• RECORDS FOR THIS EXERCISE
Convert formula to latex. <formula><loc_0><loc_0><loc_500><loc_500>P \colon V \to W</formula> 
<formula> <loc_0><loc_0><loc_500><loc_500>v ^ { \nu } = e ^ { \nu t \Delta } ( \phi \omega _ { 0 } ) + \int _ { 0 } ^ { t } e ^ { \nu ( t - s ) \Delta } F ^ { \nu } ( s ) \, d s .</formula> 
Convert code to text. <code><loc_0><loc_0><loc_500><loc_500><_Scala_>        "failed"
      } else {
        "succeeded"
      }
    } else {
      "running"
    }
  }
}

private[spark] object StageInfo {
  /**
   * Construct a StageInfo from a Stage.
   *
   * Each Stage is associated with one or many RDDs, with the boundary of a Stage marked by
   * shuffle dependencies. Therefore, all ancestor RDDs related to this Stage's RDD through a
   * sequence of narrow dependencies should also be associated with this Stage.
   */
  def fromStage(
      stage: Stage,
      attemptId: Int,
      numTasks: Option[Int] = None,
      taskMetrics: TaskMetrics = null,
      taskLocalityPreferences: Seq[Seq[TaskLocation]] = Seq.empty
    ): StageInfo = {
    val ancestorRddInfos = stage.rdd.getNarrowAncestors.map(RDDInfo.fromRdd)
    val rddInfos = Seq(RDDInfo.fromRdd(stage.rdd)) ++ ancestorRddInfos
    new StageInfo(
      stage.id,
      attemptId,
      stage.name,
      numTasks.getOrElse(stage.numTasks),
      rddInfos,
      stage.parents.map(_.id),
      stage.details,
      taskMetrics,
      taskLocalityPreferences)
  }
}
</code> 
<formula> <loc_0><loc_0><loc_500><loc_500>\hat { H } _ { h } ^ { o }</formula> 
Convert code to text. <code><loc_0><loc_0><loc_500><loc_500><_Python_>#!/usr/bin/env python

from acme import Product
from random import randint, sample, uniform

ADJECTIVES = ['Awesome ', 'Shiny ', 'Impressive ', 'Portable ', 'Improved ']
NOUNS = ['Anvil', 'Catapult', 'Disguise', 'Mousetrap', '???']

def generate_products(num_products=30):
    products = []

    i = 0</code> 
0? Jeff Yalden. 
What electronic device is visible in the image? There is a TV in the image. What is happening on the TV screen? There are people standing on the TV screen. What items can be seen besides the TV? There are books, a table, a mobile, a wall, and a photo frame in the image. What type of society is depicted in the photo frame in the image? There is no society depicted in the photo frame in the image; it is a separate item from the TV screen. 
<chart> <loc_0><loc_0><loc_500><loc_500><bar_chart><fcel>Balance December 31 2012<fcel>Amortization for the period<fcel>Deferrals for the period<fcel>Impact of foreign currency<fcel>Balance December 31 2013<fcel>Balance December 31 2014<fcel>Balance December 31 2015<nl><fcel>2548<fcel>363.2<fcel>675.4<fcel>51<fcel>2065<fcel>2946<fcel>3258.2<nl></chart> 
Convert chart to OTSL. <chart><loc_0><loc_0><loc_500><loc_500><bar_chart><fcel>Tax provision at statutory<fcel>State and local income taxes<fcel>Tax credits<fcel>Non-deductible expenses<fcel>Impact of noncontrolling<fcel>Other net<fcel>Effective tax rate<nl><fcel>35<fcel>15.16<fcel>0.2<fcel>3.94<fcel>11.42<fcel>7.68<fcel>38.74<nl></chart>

...

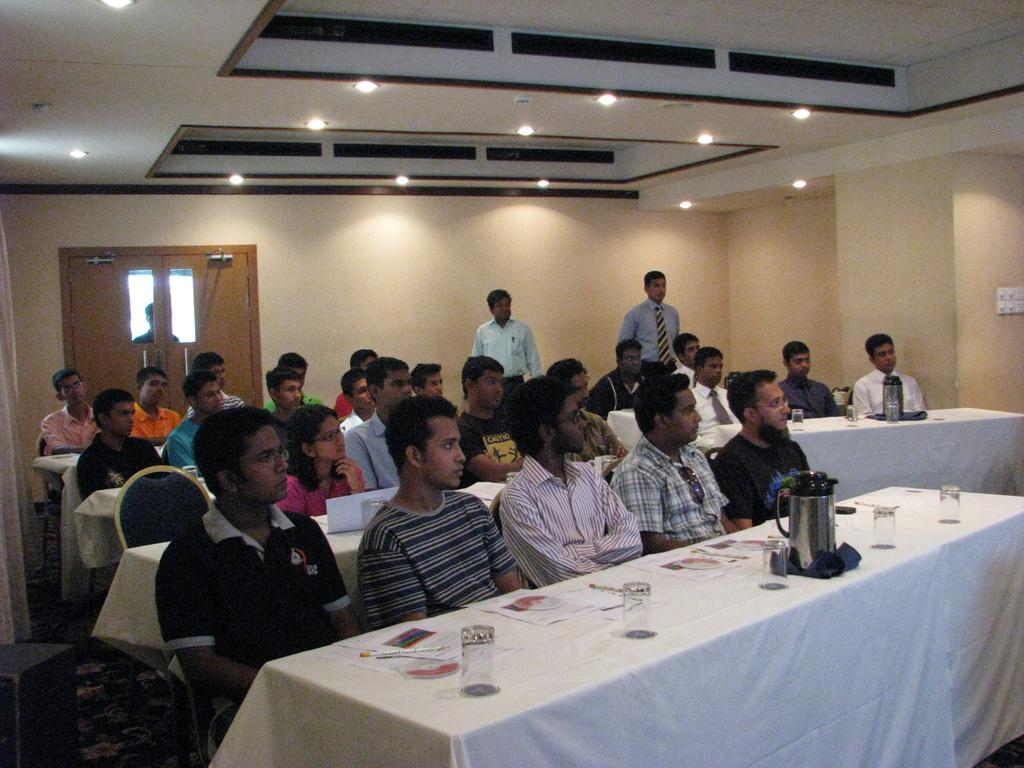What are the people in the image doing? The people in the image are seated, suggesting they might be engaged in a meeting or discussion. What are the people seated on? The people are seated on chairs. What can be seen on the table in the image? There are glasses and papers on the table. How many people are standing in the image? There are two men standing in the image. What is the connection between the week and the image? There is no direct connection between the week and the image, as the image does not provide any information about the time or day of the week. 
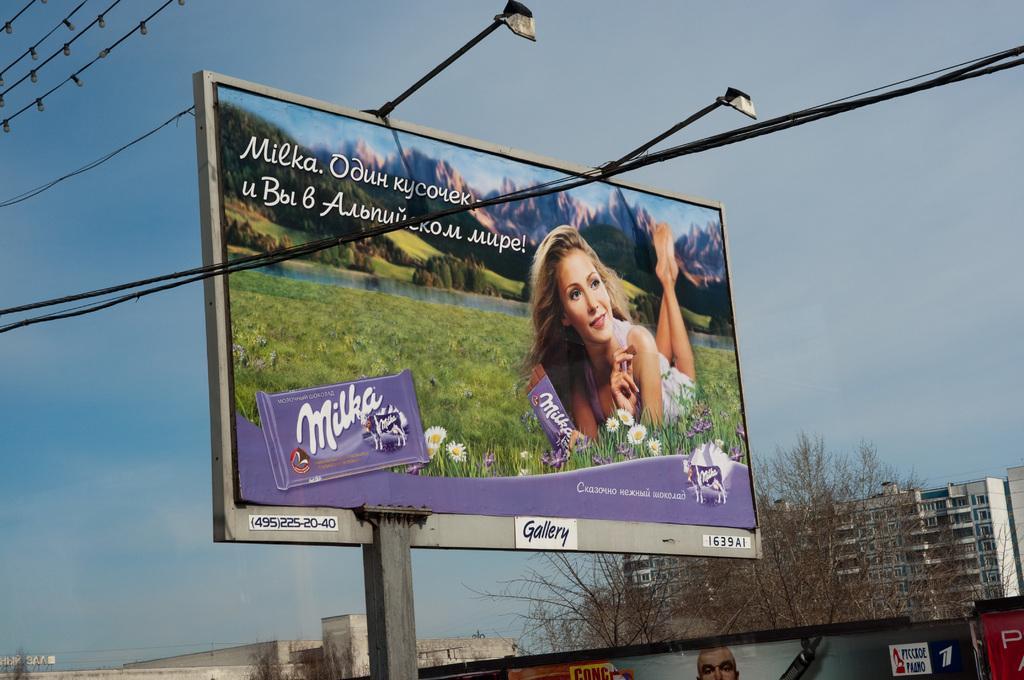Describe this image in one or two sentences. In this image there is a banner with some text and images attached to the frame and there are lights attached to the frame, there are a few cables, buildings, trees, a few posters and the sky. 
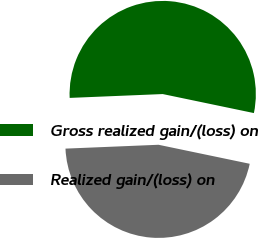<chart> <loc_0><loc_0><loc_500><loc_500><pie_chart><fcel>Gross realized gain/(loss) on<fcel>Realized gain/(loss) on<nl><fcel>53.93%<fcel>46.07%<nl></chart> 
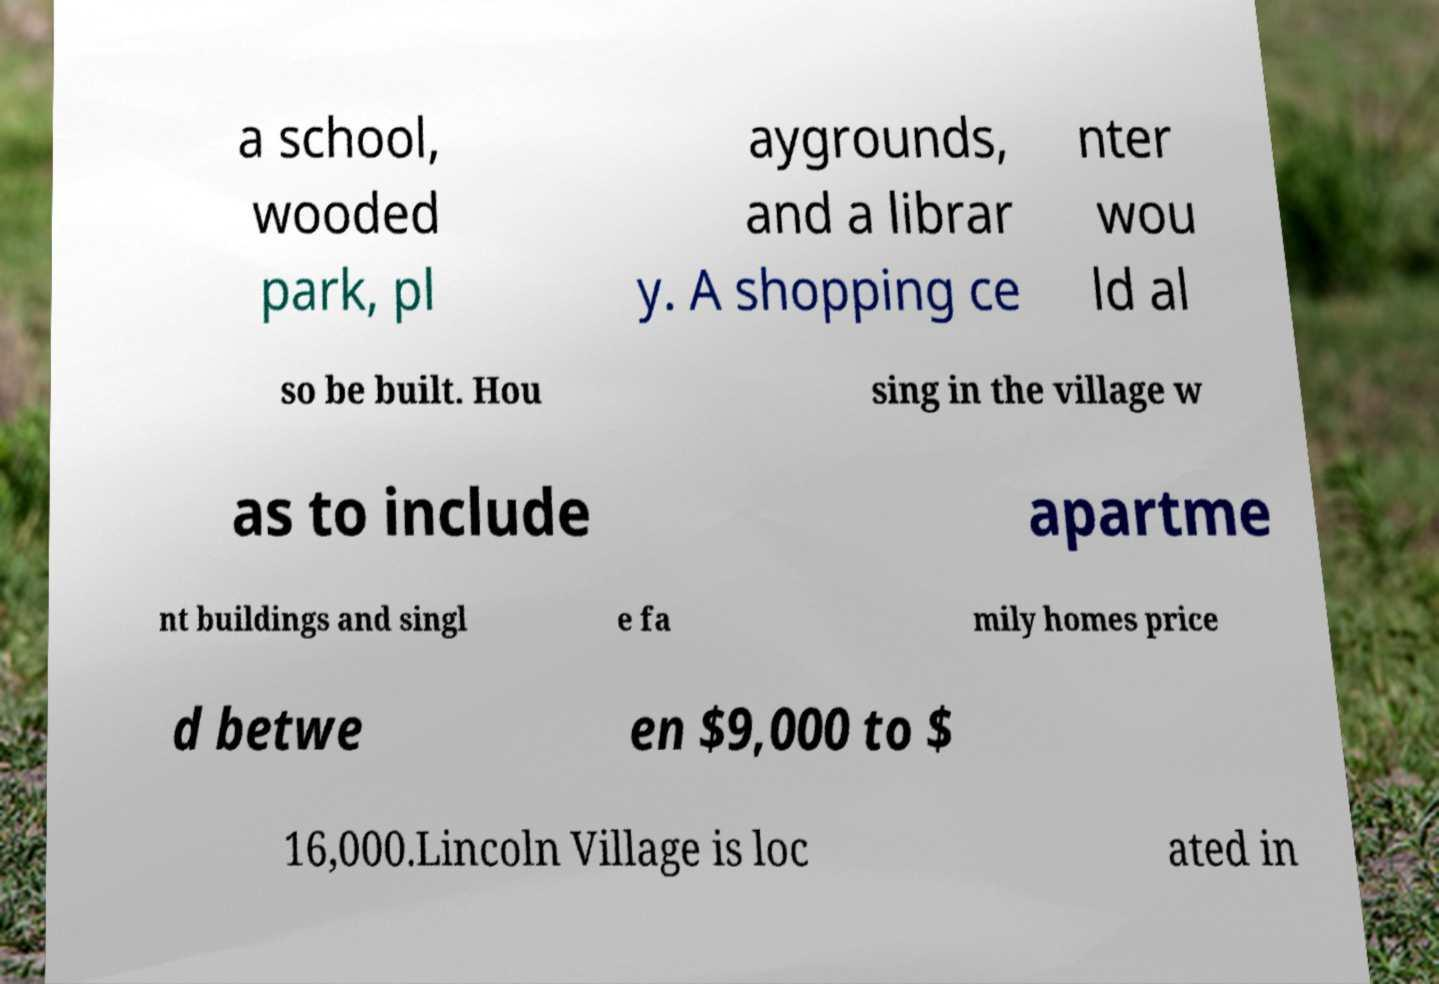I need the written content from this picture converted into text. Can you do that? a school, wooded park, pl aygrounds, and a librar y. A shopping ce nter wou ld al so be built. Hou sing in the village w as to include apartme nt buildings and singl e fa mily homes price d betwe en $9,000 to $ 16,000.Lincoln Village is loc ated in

==

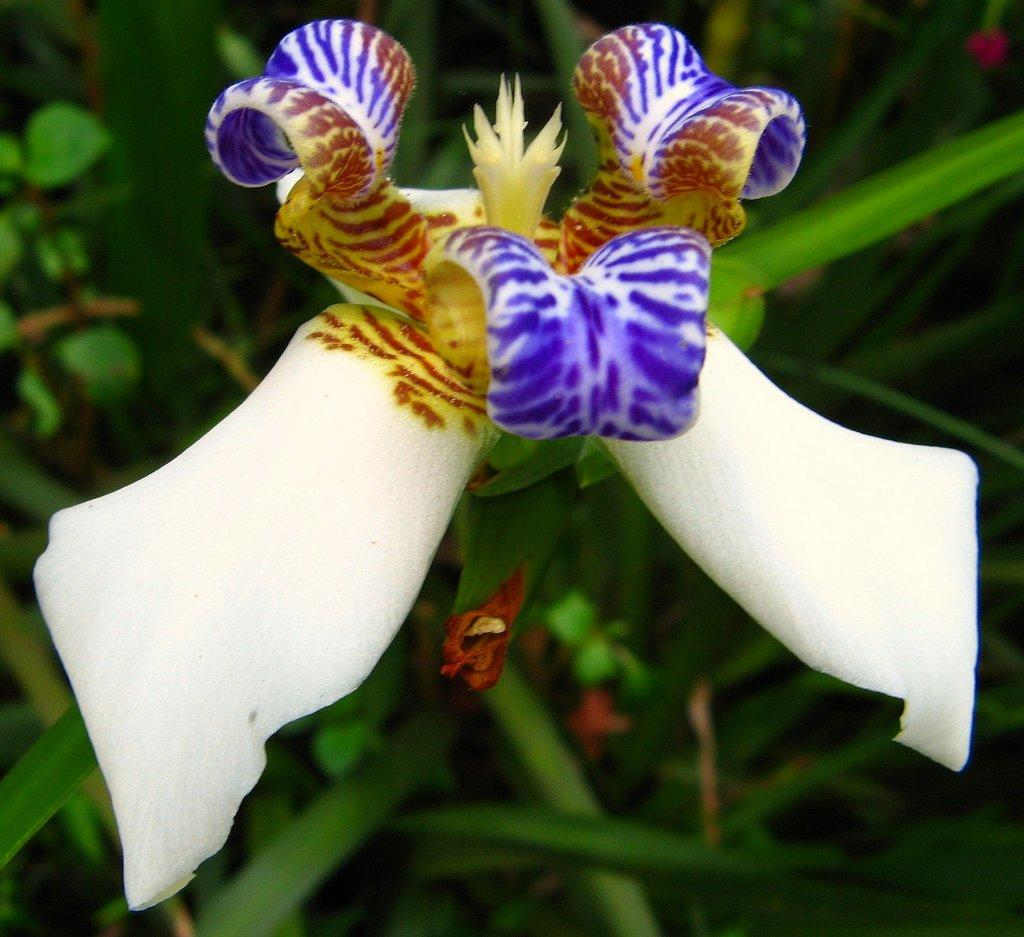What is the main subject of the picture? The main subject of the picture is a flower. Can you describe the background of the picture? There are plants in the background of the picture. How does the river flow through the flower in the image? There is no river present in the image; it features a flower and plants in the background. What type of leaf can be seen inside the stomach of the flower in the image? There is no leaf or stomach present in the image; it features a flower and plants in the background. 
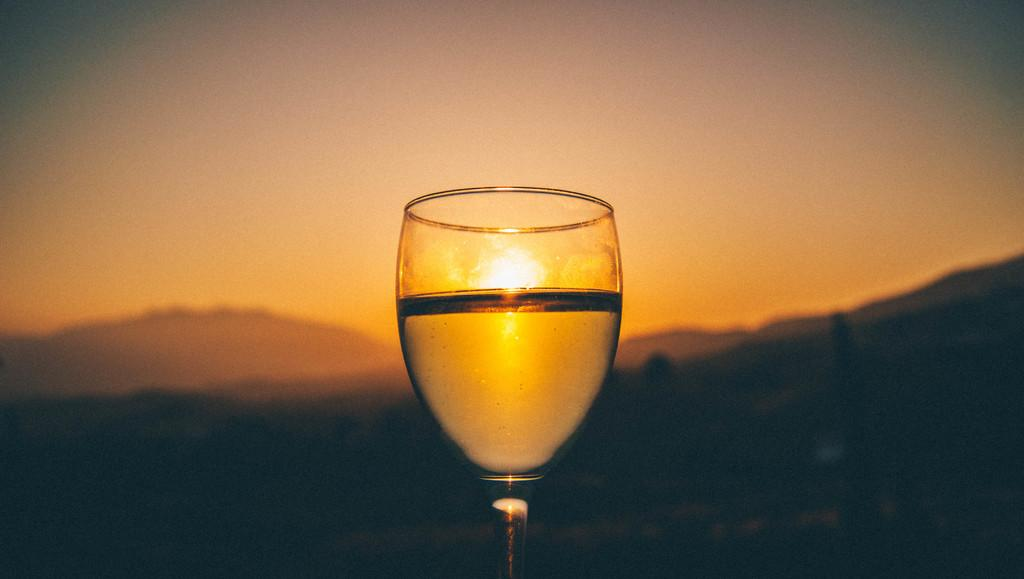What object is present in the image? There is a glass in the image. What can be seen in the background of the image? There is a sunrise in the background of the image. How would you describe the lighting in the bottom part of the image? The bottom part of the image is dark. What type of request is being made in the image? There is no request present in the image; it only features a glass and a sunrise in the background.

• TASK TO CARRY OUT
Starting at the line above that holds "taskLocalityPreferences)" and ending at the line that holds "0? Jeff Yalden.", transcribe each line exactly and include no other lines.

• RESULT OF THE EXERCISE
      taskLocalityPreferences)
  }
}
</code> 
<formula> <loc_0><loc_0><loc_500><loc_500>\hat { H } _ { h } ^ { o }</formula> 
Convert code to text. <code><loc_0><loc_0><loc_500><loc_500><_Python_>#!/usr/bin/env python

from acme import Product
from random import randint, sample, uniform

ADJECTIVES = ['Awesome ', 'Shiny ', 'Impressive ', 'Portable ', 'Improved ']
NOUNS = ['Anvil', 'Catapult', 'Disguise', 'Mousetrap', '???']

def generate_products(num_products=30):
    products = []

    i = 0</code> 
0? Jeff Yalden. 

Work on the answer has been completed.